Work item:
Every line holding "lineweight" should be copied from the records below.

[Saved entries]
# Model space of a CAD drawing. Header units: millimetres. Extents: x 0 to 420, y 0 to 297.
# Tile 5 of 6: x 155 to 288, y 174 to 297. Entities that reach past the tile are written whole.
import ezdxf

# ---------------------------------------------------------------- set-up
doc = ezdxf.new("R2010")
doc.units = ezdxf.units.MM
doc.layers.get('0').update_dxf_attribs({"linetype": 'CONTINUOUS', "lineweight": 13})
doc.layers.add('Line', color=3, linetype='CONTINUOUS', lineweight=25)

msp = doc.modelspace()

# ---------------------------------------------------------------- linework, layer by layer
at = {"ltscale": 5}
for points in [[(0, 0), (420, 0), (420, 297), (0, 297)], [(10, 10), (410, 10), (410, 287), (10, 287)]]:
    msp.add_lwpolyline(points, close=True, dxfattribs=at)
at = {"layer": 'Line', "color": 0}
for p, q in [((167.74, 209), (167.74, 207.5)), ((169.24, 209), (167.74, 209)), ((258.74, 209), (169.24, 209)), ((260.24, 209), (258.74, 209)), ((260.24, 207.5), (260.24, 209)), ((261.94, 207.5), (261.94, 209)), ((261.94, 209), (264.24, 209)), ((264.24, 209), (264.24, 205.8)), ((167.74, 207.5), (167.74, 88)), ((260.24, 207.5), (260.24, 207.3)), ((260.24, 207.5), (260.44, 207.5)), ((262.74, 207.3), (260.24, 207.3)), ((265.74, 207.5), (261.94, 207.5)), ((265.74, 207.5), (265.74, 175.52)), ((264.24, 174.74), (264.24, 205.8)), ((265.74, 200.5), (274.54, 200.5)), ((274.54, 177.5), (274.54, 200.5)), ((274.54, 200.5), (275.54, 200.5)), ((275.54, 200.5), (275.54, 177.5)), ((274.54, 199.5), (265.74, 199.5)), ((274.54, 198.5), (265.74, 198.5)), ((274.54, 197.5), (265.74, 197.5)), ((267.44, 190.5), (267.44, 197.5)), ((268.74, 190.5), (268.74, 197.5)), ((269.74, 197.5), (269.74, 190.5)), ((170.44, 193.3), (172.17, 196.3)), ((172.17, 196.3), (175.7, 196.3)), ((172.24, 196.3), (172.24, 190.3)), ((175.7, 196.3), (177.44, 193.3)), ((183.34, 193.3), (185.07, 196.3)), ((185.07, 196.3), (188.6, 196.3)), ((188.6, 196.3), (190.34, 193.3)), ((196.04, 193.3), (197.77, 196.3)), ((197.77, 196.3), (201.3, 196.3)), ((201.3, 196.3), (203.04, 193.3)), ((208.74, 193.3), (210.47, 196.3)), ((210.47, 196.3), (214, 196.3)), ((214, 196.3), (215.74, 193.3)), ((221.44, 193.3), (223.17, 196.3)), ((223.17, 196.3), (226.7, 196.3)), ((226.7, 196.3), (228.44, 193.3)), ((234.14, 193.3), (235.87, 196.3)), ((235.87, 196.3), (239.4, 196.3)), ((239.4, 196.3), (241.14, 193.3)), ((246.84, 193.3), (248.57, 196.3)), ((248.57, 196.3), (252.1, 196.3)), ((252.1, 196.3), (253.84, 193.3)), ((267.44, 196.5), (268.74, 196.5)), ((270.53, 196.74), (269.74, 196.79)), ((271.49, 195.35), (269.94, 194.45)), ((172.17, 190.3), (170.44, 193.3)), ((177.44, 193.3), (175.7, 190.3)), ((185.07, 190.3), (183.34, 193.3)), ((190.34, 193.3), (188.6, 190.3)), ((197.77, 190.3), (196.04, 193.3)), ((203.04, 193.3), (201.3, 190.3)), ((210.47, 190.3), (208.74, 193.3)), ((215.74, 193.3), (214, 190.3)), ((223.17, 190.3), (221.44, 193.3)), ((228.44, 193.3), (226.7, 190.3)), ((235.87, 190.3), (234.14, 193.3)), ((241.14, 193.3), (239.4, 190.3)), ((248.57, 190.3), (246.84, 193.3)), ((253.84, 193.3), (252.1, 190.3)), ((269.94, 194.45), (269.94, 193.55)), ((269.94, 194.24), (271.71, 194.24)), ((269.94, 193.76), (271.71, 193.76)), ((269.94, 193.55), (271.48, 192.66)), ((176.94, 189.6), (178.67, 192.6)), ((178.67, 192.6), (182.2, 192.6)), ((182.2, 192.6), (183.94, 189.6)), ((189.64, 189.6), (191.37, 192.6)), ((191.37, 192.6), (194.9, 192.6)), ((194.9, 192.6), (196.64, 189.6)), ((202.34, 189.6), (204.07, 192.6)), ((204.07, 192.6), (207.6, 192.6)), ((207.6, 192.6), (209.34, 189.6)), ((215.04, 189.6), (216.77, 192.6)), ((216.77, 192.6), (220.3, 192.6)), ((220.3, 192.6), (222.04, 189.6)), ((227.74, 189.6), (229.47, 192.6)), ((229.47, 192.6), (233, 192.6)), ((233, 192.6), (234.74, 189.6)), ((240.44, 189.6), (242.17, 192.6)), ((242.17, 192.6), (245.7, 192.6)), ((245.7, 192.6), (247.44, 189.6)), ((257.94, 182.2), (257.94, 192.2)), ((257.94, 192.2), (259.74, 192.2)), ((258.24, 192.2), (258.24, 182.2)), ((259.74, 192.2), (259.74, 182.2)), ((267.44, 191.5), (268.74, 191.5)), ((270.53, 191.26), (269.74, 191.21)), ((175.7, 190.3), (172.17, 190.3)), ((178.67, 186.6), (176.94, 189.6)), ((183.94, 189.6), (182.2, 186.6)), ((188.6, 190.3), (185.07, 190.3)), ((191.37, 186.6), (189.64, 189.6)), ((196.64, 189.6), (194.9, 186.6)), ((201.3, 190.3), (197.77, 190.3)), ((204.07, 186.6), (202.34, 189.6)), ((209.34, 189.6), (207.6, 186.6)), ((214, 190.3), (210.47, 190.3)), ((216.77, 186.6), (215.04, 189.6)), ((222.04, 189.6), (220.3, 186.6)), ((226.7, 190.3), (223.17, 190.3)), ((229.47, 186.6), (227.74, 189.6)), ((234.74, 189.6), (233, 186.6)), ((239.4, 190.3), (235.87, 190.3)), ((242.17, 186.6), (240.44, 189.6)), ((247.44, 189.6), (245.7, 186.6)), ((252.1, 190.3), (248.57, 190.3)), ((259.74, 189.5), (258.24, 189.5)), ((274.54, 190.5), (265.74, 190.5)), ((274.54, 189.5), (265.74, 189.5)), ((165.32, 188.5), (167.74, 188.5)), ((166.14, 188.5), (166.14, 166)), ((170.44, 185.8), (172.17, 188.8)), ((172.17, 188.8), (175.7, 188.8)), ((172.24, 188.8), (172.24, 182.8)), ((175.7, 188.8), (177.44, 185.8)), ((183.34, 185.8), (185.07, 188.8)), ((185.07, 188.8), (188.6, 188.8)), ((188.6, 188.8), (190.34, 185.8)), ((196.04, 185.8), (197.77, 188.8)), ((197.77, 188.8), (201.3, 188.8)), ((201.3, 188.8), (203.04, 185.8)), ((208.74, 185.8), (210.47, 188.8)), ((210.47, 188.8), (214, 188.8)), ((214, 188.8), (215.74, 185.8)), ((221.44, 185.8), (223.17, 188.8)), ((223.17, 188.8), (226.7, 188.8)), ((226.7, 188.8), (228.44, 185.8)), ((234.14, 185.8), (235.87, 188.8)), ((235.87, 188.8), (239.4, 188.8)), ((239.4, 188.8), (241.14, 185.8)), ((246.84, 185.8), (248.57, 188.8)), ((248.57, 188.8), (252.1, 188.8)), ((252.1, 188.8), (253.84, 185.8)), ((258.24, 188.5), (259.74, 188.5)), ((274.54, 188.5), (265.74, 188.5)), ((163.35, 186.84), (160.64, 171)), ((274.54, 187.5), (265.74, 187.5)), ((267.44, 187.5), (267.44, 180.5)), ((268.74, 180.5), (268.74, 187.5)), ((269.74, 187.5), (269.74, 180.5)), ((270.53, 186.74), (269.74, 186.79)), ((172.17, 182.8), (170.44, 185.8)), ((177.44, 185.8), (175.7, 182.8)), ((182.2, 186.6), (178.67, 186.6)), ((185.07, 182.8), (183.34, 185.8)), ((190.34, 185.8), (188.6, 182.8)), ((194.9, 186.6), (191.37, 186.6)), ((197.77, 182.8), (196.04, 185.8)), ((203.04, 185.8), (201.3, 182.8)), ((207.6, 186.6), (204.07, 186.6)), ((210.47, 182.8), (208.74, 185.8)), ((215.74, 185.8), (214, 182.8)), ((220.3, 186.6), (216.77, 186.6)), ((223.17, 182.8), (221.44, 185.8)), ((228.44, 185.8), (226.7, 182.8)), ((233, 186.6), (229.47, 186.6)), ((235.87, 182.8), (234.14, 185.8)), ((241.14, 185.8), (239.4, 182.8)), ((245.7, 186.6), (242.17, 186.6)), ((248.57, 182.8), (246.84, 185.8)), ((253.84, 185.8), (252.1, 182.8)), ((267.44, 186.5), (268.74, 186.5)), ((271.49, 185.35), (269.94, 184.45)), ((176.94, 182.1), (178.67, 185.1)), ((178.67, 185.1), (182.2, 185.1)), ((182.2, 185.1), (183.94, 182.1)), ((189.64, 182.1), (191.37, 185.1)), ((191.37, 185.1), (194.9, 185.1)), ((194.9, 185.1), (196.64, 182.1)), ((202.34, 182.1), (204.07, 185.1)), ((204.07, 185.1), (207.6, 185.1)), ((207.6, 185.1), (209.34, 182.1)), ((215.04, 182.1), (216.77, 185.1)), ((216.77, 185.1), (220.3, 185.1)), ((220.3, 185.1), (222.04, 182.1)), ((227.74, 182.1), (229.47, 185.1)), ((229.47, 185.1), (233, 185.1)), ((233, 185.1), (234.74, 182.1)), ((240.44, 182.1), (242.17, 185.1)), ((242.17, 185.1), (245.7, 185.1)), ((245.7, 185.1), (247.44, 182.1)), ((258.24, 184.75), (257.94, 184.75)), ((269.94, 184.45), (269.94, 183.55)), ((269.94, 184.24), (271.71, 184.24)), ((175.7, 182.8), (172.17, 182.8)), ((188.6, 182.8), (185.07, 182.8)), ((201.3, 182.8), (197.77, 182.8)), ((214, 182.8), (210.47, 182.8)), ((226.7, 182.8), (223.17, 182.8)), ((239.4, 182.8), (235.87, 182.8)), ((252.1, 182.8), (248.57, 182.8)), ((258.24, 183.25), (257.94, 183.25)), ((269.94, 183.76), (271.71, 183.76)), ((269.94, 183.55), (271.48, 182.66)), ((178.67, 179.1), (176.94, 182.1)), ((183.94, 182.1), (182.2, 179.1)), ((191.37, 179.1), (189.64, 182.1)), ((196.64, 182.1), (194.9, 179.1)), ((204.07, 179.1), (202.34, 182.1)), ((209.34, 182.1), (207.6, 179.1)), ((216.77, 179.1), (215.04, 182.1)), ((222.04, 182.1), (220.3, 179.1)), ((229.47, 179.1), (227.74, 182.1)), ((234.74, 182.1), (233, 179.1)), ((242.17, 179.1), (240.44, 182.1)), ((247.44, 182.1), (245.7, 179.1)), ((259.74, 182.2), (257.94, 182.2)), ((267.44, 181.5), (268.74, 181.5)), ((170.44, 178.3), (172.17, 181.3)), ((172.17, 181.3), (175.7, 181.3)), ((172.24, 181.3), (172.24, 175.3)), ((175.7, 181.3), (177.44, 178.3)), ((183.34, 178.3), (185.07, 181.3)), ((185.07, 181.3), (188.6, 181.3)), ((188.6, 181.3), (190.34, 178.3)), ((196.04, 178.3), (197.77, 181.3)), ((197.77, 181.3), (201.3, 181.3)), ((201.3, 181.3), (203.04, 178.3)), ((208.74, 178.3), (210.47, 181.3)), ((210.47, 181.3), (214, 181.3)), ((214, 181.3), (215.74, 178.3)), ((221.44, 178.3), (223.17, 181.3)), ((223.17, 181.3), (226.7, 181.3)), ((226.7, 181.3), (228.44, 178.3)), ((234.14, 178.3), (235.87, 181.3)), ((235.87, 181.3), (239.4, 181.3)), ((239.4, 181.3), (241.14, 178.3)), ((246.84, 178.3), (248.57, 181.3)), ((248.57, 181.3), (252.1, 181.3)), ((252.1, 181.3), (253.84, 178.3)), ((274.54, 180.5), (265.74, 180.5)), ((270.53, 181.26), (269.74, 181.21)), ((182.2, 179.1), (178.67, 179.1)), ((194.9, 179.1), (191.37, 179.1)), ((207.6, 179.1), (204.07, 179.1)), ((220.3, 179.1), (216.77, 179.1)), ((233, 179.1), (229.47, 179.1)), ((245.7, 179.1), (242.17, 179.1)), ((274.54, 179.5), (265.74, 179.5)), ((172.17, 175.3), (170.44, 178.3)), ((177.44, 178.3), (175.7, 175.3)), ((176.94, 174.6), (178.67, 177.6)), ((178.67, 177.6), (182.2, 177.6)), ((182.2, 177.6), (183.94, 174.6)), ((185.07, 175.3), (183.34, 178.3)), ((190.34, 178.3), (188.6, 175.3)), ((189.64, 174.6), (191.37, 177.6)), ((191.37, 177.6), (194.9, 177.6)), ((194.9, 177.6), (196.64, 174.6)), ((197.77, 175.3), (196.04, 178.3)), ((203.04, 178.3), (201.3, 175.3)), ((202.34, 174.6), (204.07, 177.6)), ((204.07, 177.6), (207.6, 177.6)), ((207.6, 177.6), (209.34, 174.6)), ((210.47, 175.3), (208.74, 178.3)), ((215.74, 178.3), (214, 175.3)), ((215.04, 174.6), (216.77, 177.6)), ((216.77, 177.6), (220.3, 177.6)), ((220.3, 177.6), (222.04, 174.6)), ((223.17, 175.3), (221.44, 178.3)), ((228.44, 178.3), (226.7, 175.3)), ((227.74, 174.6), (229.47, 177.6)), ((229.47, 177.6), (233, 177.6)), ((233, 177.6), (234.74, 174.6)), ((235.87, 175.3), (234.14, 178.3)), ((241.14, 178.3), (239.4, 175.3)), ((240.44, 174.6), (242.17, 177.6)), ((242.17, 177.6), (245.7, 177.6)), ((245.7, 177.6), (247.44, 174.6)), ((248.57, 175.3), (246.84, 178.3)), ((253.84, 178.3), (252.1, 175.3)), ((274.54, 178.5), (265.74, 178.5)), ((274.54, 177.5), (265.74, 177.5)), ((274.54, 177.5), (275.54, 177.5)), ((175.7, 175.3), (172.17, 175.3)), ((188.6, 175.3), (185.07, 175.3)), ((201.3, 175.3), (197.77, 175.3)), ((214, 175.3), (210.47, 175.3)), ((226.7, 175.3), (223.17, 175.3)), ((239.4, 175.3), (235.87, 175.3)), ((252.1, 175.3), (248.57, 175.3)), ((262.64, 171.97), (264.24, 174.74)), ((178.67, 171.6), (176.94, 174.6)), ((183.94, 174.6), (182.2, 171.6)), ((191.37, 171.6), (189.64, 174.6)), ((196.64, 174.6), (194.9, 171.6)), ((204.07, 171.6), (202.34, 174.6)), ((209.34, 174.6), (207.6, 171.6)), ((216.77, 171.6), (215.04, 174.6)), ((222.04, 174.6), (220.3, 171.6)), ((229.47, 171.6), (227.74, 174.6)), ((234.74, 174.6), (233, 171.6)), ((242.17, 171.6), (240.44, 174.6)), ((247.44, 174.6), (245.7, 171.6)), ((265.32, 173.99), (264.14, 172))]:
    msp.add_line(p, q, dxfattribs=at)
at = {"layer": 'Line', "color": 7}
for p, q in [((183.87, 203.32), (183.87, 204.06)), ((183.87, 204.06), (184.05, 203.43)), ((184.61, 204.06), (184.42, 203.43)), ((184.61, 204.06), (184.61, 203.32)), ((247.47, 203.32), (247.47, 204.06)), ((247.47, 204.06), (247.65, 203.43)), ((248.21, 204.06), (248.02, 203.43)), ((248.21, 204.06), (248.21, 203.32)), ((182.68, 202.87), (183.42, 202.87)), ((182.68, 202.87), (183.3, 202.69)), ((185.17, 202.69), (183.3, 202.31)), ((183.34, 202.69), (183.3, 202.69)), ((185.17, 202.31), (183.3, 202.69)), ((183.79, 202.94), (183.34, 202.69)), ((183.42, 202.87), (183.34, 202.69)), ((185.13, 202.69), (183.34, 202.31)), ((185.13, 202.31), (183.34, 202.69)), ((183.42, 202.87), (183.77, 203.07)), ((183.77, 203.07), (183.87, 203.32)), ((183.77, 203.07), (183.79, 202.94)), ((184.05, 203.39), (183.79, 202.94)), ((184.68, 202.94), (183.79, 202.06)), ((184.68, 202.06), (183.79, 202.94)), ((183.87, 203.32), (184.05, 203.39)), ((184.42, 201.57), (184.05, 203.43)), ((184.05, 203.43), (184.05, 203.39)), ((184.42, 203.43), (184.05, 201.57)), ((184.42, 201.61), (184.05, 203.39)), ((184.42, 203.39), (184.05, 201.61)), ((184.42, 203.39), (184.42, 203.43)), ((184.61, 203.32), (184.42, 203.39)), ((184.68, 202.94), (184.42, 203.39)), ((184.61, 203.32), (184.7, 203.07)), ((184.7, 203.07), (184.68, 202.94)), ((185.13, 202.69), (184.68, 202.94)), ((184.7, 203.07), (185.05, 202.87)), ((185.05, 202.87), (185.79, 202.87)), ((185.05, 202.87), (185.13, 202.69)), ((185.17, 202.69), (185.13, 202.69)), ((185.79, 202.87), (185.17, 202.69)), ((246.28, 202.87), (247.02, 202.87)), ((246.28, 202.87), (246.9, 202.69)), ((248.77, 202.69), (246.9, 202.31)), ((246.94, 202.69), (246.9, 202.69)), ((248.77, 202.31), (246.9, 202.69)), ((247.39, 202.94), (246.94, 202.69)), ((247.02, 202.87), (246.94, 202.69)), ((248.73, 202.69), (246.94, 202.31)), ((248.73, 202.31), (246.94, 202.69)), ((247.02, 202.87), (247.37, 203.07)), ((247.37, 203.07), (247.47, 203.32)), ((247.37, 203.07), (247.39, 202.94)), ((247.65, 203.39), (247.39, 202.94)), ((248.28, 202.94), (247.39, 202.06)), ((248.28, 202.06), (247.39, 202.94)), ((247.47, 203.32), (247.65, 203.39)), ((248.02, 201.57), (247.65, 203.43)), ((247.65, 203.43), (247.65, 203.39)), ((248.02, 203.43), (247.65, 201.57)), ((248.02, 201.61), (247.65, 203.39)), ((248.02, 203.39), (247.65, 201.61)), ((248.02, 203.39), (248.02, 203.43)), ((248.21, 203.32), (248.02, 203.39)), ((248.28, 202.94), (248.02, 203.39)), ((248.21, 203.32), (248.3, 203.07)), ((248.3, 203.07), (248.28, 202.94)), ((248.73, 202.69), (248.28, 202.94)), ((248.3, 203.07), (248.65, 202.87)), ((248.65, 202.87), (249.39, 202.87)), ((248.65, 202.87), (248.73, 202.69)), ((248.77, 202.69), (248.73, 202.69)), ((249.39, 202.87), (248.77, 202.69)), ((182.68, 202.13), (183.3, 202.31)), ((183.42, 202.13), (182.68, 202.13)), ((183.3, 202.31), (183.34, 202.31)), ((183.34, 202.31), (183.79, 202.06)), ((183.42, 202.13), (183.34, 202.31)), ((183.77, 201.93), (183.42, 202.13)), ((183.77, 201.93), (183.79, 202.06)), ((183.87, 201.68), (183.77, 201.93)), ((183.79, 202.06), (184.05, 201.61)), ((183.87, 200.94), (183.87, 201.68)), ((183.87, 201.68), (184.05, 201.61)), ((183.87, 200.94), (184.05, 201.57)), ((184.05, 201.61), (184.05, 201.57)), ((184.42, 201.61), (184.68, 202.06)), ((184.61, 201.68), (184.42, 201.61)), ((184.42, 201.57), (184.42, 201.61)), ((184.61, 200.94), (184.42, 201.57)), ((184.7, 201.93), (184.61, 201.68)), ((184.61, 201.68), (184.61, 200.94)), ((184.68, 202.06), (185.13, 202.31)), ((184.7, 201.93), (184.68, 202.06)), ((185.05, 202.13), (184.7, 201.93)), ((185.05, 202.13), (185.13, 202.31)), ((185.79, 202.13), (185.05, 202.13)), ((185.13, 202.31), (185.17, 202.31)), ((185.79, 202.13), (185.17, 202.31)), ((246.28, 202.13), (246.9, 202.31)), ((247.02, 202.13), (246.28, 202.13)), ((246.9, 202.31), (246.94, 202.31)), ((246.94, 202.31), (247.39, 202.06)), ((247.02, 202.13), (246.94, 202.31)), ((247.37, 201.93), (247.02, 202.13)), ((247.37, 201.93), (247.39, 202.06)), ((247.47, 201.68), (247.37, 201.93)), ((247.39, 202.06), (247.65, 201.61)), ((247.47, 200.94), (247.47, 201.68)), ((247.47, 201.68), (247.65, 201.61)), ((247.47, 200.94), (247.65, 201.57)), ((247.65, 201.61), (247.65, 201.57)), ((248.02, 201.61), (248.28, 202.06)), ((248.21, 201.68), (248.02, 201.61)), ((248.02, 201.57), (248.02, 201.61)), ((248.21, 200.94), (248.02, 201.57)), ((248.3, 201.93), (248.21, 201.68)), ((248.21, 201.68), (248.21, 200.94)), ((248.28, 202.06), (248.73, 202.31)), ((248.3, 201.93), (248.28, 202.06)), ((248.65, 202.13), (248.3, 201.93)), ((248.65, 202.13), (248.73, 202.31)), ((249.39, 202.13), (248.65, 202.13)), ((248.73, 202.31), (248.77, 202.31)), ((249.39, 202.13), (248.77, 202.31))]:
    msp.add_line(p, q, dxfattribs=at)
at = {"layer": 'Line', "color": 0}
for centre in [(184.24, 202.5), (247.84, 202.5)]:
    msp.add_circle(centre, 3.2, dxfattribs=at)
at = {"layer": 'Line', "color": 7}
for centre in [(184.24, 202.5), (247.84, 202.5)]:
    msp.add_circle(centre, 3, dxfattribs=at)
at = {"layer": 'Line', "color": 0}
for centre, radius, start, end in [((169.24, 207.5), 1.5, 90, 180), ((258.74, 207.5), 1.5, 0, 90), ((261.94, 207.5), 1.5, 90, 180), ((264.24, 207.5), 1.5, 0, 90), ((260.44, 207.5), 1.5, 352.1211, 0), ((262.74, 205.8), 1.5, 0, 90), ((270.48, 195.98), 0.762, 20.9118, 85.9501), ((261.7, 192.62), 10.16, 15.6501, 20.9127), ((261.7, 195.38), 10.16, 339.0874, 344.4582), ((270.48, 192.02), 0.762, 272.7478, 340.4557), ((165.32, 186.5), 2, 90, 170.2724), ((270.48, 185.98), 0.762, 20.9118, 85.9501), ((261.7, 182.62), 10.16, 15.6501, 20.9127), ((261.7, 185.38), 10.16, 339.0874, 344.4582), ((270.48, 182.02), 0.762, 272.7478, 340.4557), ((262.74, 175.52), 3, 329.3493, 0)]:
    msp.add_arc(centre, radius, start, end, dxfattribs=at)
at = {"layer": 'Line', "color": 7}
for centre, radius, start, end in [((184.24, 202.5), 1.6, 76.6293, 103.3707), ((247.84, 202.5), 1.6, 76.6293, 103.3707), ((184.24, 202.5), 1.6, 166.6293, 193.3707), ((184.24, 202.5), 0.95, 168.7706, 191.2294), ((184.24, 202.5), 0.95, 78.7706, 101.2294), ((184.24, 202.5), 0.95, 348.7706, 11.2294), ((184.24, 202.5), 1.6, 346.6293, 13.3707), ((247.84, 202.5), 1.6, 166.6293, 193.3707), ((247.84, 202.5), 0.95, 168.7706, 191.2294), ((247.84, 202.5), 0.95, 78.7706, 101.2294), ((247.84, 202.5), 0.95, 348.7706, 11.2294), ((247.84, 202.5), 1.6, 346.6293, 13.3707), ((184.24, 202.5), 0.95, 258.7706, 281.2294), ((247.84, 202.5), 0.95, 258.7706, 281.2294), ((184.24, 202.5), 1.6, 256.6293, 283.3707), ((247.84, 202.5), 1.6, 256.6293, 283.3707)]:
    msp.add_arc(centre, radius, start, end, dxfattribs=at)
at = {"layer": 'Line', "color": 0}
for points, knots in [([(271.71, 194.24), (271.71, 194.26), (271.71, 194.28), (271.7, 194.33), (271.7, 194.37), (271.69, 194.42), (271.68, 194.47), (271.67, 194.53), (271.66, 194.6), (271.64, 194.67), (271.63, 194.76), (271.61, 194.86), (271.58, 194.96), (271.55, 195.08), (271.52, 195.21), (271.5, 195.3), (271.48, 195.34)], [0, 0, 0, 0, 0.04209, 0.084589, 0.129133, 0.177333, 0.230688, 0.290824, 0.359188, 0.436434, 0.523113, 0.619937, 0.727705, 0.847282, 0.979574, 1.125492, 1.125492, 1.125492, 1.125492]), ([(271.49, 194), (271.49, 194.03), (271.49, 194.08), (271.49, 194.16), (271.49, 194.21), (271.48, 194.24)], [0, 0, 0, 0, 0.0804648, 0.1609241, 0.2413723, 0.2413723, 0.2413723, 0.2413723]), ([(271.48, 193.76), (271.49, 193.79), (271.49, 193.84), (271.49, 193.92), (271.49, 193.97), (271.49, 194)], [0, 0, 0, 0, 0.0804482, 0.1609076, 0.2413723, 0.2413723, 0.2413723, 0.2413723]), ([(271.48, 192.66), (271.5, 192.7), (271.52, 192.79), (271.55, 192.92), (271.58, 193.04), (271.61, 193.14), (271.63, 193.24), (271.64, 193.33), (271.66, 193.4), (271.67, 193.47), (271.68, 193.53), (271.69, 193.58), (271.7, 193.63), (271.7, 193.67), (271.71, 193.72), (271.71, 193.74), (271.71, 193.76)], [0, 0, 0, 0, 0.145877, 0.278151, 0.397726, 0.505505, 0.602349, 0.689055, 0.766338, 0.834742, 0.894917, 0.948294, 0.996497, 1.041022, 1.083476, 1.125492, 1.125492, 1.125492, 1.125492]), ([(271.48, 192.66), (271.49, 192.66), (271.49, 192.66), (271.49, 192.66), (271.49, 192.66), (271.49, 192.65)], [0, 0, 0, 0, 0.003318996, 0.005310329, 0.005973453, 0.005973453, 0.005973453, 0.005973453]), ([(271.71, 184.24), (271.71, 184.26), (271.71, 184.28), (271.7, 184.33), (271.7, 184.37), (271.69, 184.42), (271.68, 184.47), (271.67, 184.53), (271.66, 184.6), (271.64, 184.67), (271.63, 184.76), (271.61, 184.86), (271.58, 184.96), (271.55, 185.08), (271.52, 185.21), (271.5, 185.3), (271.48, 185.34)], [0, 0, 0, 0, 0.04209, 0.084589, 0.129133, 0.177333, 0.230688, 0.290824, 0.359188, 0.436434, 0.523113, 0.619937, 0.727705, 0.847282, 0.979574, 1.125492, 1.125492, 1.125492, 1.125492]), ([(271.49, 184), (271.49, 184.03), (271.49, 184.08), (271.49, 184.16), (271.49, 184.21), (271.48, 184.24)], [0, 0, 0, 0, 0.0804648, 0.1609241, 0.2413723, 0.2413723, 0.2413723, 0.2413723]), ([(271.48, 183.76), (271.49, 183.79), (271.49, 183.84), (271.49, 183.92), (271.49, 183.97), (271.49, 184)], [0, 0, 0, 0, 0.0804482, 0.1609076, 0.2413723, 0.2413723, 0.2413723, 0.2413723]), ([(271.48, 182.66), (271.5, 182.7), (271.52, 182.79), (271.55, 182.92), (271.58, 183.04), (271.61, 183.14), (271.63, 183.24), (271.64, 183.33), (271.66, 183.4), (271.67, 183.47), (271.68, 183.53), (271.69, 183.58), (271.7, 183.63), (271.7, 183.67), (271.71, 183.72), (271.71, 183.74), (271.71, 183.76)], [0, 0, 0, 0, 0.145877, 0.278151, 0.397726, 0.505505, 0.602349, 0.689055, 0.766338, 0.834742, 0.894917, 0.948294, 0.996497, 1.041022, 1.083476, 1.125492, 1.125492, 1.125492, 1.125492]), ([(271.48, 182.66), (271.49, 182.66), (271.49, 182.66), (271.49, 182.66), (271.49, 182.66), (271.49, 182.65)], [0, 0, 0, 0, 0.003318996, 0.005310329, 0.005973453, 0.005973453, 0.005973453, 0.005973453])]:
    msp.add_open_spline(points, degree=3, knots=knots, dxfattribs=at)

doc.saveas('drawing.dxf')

Solution to the problem:
doc.layers.get('0').update_dxf_attribs({"linetype": 'CONTINUOUS', "lineweight": 13})
doc.layers.add('Line', color=3, linetype='CONTINUOUS', lineweight=25)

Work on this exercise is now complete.